Art. 13. As tarifas iniciais de fornecimento e de compra de energia, a serem aplicadas pela permissionária após o início de vigência do Contrato de Permissão, serão aquelas fixadas pela ANEEL considerando as correspondentes tarifas básicas calculadas a preços de 31 de dezembro de 2003, atualizadas pelo IGP-M até o mês imediatamente anterior à data de assinatura do aludido contrato.

§ 1º As tarifas básicas serão definidas pela ANEEL tendo como premissa a manutenção do valor representativo do custo gerenciável da cooperativa de eletrificação rural, no ano de 2003, na atividade de distribuição de energia elétrica, calculado a preços de 31 de dezembro de 2003.

§ 2º Será considerado como valor representativo do custo gerenciável o montante anual resultante da diferença entre a receita de fornecimento de energia elétrica aos cooperados e a despesa com energia elétrica comprada, verificada mensalmente em 2003 e atualizada pelo IGP-M, até 31 de dezembro de 2003.

§ 3º Em atendimento ao disposto no art. 3º, inciso XI, da Lei nº 9.427/96 e no Decreto nº 5.381/05, a ANEEL comunicará a cada cooperativa, por Nota Técnica da Superintendência de Regulação Econômica - SRE, o resultado preliminar da apuração das tarifas básicas calculadas de acordo com os fundamentos e premissas estabelecidas no caput deste artigo. (Redação dada ao parágrafo pela Resolução Normativa ANEEL nº 213, de 06.03.2006, DOU 10.03.2006)

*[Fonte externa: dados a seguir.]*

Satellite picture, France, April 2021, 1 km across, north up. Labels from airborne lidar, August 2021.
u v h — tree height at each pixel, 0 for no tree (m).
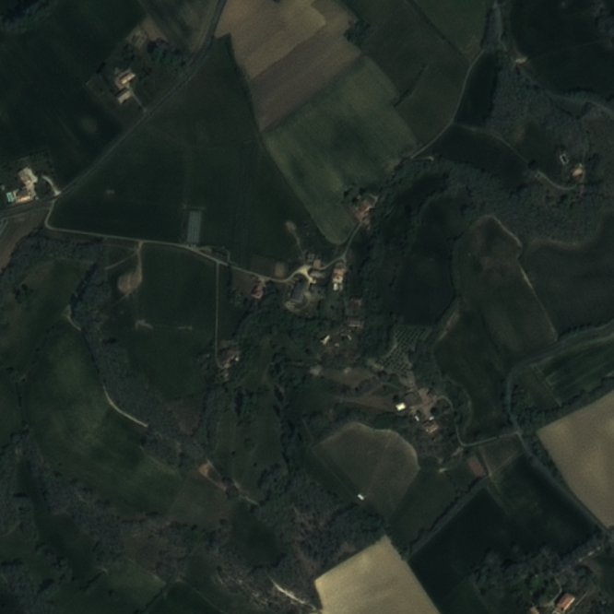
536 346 0
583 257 0
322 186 0
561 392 0
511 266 0
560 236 19
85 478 0
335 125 0
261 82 0
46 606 24
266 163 0
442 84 0
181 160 0
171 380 0
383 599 0
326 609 0
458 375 0
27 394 0
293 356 0
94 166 0
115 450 0
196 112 0
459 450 0
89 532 20
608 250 0
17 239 0
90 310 14
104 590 0
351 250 0
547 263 0
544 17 0
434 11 0
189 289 0
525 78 6
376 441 0
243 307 9
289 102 0
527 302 0
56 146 0
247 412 11
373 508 0
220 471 6
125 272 0
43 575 0
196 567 0
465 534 0
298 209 0
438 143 0
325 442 0
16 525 18
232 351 0
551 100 9
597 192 18
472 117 0
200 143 0
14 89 0
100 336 9
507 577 15
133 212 0
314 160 0
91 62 0
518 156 0
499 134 12
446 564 0
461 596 0
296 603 7
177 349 0
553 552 14
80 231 0
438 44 0
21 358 0
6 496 16
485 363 0
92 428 0
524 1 0
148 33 0
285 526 15
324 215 0
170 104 0
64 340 0
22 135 0
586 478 0
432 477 0
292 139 0
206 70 0
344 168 0
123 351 16
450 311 10
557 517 0
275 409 0
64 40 0
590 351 0
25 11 18
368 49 0
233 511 0
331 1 0
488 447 0
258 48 0
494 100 14
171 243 0
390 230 0
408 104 0
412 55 0
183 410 0
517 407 16
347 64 0
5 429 0
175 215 0
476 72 0
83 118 0
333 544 15
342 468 0
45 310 0
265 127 0
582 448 0
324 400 0
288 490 14
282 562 14
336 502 11
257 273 0
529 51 0
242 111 0
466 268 0
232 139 0
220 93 0
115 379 17
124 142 0
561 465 0
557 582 23
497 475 0
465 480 0
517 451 0
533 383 0
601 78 0
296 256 0
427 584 0
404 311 0
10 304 0
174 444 17
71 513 18
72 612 0
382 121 0
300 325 15
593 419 0
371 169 0
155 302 0
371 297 15
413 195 0
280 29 0
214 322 0
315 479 0
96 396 0
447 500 0
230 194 0
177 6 0
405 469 0
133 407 16
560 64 0
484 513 0
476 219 12
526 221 19
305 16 0
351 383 0
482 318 0
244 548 0
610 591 0
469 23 0
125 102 8
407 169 13
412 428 12
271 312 15
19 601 14
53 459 0
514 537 0
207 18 0
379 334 10
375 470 0
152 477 0
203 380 0
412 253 0
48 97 0
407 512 0
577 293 0
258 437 0
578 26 0
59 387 0
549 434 0
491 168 0
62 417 0
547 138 0
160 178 0
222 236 0
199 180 0
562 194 0
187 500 0
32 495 0
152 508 0
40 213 0
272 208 0
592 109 14
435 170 17
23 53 0
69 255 24
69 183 0
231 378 11
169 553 8
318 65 0
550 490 0
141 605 0
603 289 0
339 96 0
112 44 0

§ 4º Com base em cronograma elaborado pela ANEEL, será estabelecido um prazo às Cooperativas passíveis de enquadramento como permissionárias para manifestação formal quanto aos resultados preliminares apresentados. (Redação dada ao parágrafo pela Resolução Normativa ANEEL nº 213, de 06.03.2006, DOU 10.03.2006)

§ 5º Não havendo contestação ou acaso superadas, ainda na fase de instrução, eventuais divergências em torno dos resultados apresentados, as tarifas básicas das cooperativas serão, desde logo, fixadas pela ANEEL, mediante Resolução Homologatória, após deliberação em reunião ordinária da sua Diretoria. (Redação dada ao parágrafo pela Resolução Normativa ANEEL nº 213, de 06.03.2006, DOU 10.03.2006)

§ 6º Subsistindo a discordância da cooperativa em relação às tarifas básicas propostas, devidamente fundamentada, será realizada, a revisão tarifária periódica previamente à sua fixação. (Redação dada ao parágrafo pela Resolução Normativa ANEEL nº 213, de 06.03.2006, DOU 10.03.2006)

§ 7º A ANEEL utilizará da prerrogativa de aplicar o processo de revisão tarifária periódica, previamente à fixação das tarifas iniciais da permissionária, caso as tarifas básicas calculadas nos termos do parágrafo primeiro venham a resultar em valores que, a critério da ANEEL, não observem parâmetros de razoabilidade em relação às tarifas praticadas pela concessionária supridora. (Redação dada ao parágrafo pela Resolução Normativa ANEEL nº 213, de 06.03.2006, DOU 10.03.2006)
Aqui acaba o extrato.